The problem →
Every line in the entries that holds "LineM" should be identified and copied.

Data records →

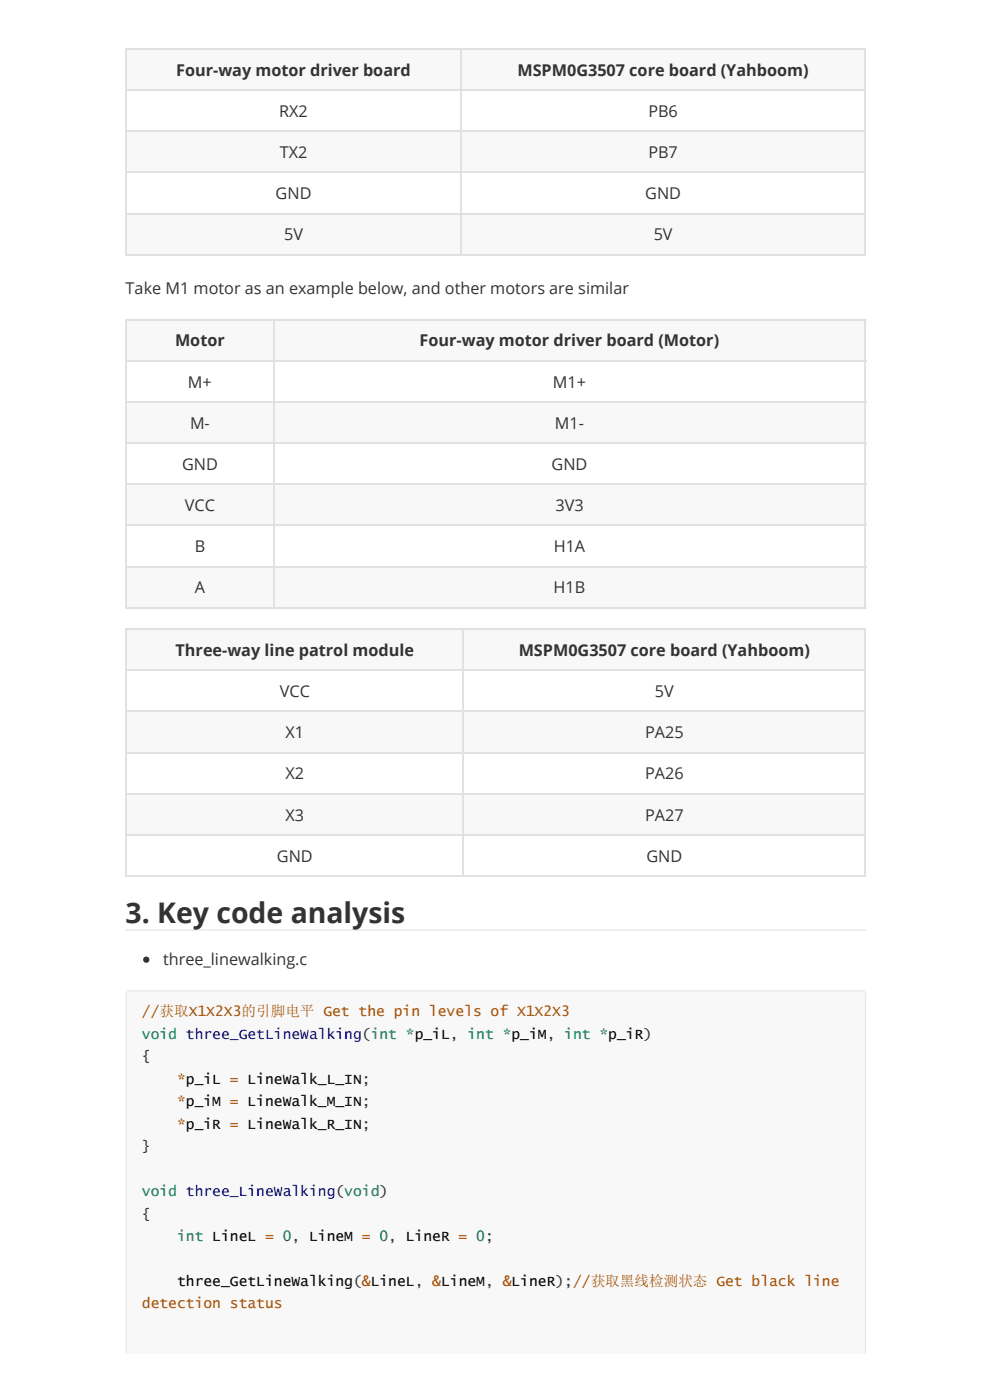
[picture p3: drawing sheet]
<svg xmlns="http://www.w3.org/2000/svg" width="210mm" height="297mm" viewBox="0 0 210 297" stroke-linecap="round" stroke-linejoin="round" font-family="sans-serif">
<defs><g id="words">
<text font-size="6" fill="#333" x="26.6" y="195.8">3. Key code analysis</text>
<g font-size="3.4" fill="#333">
<text x="37.4" y="16.1">Four-way motor driver board</text>
<text x="109.7" y="16.1">MSPM0G3507 core board (Yahboom)</text>
<text x="59.2" y="24.8">RX2</text>
<text x="137.5" y="24.8">PB6</text>
<text x="59.3" y="33.5">TX2</text>
<text x="137.5" y="33.5">PB7</text>
<text x="58.4" y="42.3">GND</text>
<text x="136.8" y="42.3">GND</text>
<text x="60.2" y="51">5V</text>
<text x="138.6" y="51">5V</text>
<text x="26.6" y="62.4">Take M1 motor as an example below, and other motors are similar</text>
<text x="37.1" y="73.5">Motor</text>
<text x="89" y="73.5">Four-way motor driver board (Motor)</text>
<text x="39.9" y="82.2">M+</text>
<text x="117.2" y="82.2">M1+</text>
<text x="40.3" y="91">M-</text>
<text x="117.7" y="91">M1-</text>
<text x="38.6" y="99.7">GND</text>
<text x="116.9" y="99.7">GND</text>
<text x="39.2" y="108.4">VCC</text>
<text x="117.8" y="108.4">3V3</text>
<text x="41.3" y="117.2">B</text>
<text x="117.4" y="117.2">H1A</text>
<text x="41.3" y="125.9">A</text>
<text x="117.4" y="125.9">H1B</text>
<text x="37.2" y="139.1">Three-way line patrol module</text>
<text x="110" y="139.1">MSPM0G3507 core board (Yahboom)</text>
<text x="59.3" y="147.9">VCC</text>
<text x="138.9" y="147.9">5V</text>
<text x="60.5" y="156.6">X1</text>
<text x="136.8" y="156.6">PA25</text>
<text x="60.5" y="165.3">X2</text>
<text x="136.8" y="165.3">PA26</text>
<text x="60.5" y="174.1">X3</text>
<text x="136.8" y="174.1">PA27</text>
<text x="58.7" y="182.8">GND</text>
<text x="137.1" y="182.8">GND</text>
<text x="34.6" y="204.8">three_linewalking.c</text>
</g>
<g font-size="3.1" fill="#a50">
<text x="30.1" y="215.6">//获取X1X2X3的引脚电平 Get the pin levels of X1X2X3</text>
<text x="30.1" y="277.6">detection status</text>
</g>
<g font-size="3.1" fill="#085">
<text x="30.1" y="220.4">void three_GetLineWalking(int *p_iL, int *p_iM, int *p_iR)</text>
<text x="30.1" y="253.8">void three_LineWalking(void)</text>
<text x="37.5" y="263.3">int LineL = 0, LineM = 0, LineR = 0;</text>
</g>
<g font-size="3.1" fill="#333">
<text x="30.1" y="225.2">{</text>
<text x="30.1" y="244.2">}</text>
<text x="30.1" y="258.5">{</text>
</g>
<g font-size="3.1" fill="#981a1a">
<text x="37.5" y="229.9">*p_iL = LineWalk_L_IN;</text>
<text x="37.5" y="234.7">*p_iM = LineWalk_M_IN;</text>
<text x="37.5" y="239.5">*p_iR = LineWalk_R_IN;</text>
</g>
<text font-size="3.1" x="37.5" y="272.8">three_GetLineWalking(&amp;LineL, &amp;LineM, &amp;LineR);//获取黑线检测状态 Get black line</text>
</g></defs>
<g fill="#f8f8f8">
<path d="M26.6 10.2h71v8.8h-71z"/>
<path d="M97.6 10.2h85.7v8.8h-85.7z"/>
<path d="M26.6 27.7h71v8.7h-71z"/>
<path d="M97.6 27.7h85.7v8.7h-85.7z"/>
<path d="M26.6 45.2h71v8.7h-71z"/>
<path d="M97.6 45.2h85.7v8.7h-85.7z"/>
</g>
<path d="M26.6 10.4h157M26.6 19.1h157M26.8 10.2v44M97.7 10.2v44M183.5 10.2v44M26.6 36.6h157M26.6 27.8h157M26.6 54h157M26.6 45.3h157" fill="none" stroke="#dfe2e5" stroke-width=".26"/>
<g fill="#f8f8f8">
<path d="M26.6 67.7h31.3v8.7h-31.3z"/>
<path d="M57.9 67.7h125.4v8.7h-125.4z"/>
<path d="M26.6 85.1h31.3v8.8h-31.3z"/>
<path d="M57.9 85.1h125.4v8.8h-125.4z"/>
<path d="M26.6 102.6h31.3v8.7h-31.3z"/>
<path d="M57.9 102.6h125.4v8.7h-125.4z"/>
<path d="M26.6 120.1h31.3v8.7h-31.3z"/>
<path d="M57.9 120.1h125.4v8.7h-125.4z"/>
</g>
<path d="M26.6 67.8h157M26.6 76.5h157M26.8 67.7v61.4M58 67.7v61.4M183.5 67.7v61.4M26.6 94h157M26.6 85.3h157M26.6 111.5h157M26.6 102.7h157M26.6 129h157M26.6 120.2h157" fill="none" stroke="#dfe2e5" stroke-width=".26"/>
<g fill="#f8f8f8">
<path d="M26.6 133.3h71.5v8.8h-71.5z"/>
<path d="M98.1 133.3h85.2v8.8h-85.2z"/>
<path d="M26.6 150.8h71.5v8.7h-71.5z"/>
<path d="M98.1 150.8h85.2v8.7h-85.2z"/>
<path d="M26.6 168.3h71.5v8.7h-71.5z"/>
<path d="M98.1 168.3h85.2v8.7h-85.2z"/>
</g>
<path d="M26.6 133.5h157M26.8 133.3v52.7M98.2 133.3v52.7M183.5 133.3v52.7M26.6 159.7h157M26.6 150.9h157M26.6 142.2h157M26.6 177.1h157M26.6 168.4h157M26.6 185.9h157" fill="none" stroke="#dfe2e5" stroke-width=".26"/>
<path d="M26.6 197.2h157" fill="none" stroke="#eee" stroke-width=".26"/>
<circle cx="31" cy="203.6" r=".66" fill="#333"/>
<path d="M27 210.4l.4-.2h155.4a.66 .66 0 0 1 .7 .7v76.3h-156.7v-76.3z" fill="#f8f8f8"/>
<path d="M26.8 287.2v-76.3a.66 .66 0 0 1 .6-.7h155.4a.66 .66 0 0 1 .7 .7v76.3" fill="none" stroke="#e7eaed" stroke-width=".26"/>
<path d="M28 212.5h154.3v74.7h-154.3z" fill="#f8f8f8"/>
<use href="#words"/>
</svg>

Response area →
<text x="37.5" y="263.3">int LineL = 0, LineM = 0, LineR = 0;</text>
<text font-size="3.1" x="37.5" y="272.8">three_GetLineWalking(&amp;LineL, &amp;LineM, &amp;LineR);//获取黑线检测状态 Get black line</text>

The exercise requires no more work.